訂正審判請求前又は訂正請求前であっても,訴訟において対抗主張の提出は許されるとした事例

事件番号 平成22(ワ)40331
事件名 特許権侵害差止等請求事件
裁判年月日 平成23年11月30日
裁判所名 東京地方裁判所
裁判長裁判官 岡本岳

(6) 時機に後れた攻撃防御方法であるとの原告の主張について
 原告は,無効理由4に係る被告の無効主張は時機に後れた攻撃防御方法であるから却下すべきと主張する。
 しかしながら,当該無効主張は,平成23年7月13日の第4回弁論準備手続において,同月12日付け被告準備書面(4)をもってなされたものであるところ,同時点では,いわゆる二段階審理における侵害論についての審理中であったから,当該無効主張についての審理がなければ直ちに弁論を終結できる段階になく,上記無効主張により訴訟の完結を遅延させることになるものとは認められない。 ・・・

3 訂正を理由とする対抗主張について
 原告は,平成23年9月22日付け原告第6準備書面をもって,本件訂正発明には無効理由がなく,かつ,被告製品は本件訂正発明の技術的範囲に属すると主張し,これに対し,被告は,原告の上記主張は,時機に後れた攻撃防御方法であるから却下されるべきであると主張する。

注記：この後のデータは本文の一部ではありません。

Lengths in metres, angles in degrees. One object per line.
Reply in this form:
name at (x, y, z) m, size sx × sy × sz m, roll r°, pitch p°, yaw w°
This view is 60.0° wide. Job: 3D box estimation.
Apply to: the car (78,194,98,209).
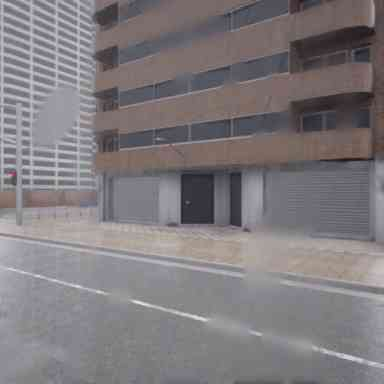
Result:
car at (-13.483, 1.477, 46.242) m, size 1.882 × 1.535 × 5.008 m, roll 0°, pitch 0°, yaw 35°

 そこで検討するに,原告の上記対抗主張は,前記平成23年7月12日付け被告準備書面(4)をもってなされた無効理由2〜4に対するものであるところ,受命裁判官は第5回弁論準備手続期日(同年8月5日)において,原告に対し,上記無効理由についても審理するので,これに対する反論があれば次回までに提出するよう促し,反論の機会を与えたにもかかわらず,原告は,第6回弁論準備手続期日(同年9月9日)までに上記対抗主張をすることなく,同期日で弁論準備手続を終結することについても何ら異議を述べなかったものである。

 無効理由2及び3は,いずれも既出の証拠(乙2及び乙3)を主引用例とする無効主張であり,無効理由4も,平成14年5月20日付け特許異議申立てにおいて既に刊行物として引用されていた乙6に基づくものであるから,原告は,上記無効理由の主張があった第4回弁論準備手続期日から弁論準備手続を終結した第6回弁論準備手続期日までの間に対抗主張を提出することが可能であったと認められる
原告は,乙6に基づく無効理由4を回避するために訂正請求を行うことができるのは第2次無効審判請求の無効審判請求書副本の送達日である平成23年8月19日から答弁書提出期限である同年10月18日までの期間のみであると主張するが,本件訴訟において対抗主張を提出することはできたものというべきである原告は,対抗主張が認められる要件として現に訂正審判の請求あるいは訂正請求を行ったことが必要とする見解が多数であるとも主張するが,訂正審判請求前又は訂正請求前であっても,訴訟において対抗主張の提出自体が許されないわけではなく,理由がない。)
にもかかわらず,これを提出せず,弁論準備手続の終結後,最終の口頭弁論期日になって上記対抗主張に及ぶことは,少なくとも重大な過失により時機に後れて提出したものというほかなく,また,これにより訴訟の完結を遅延させるものであることも明らかである。
よって,原告の上記対抗主張は,民事訴訟法157条1項によりこれを却下する。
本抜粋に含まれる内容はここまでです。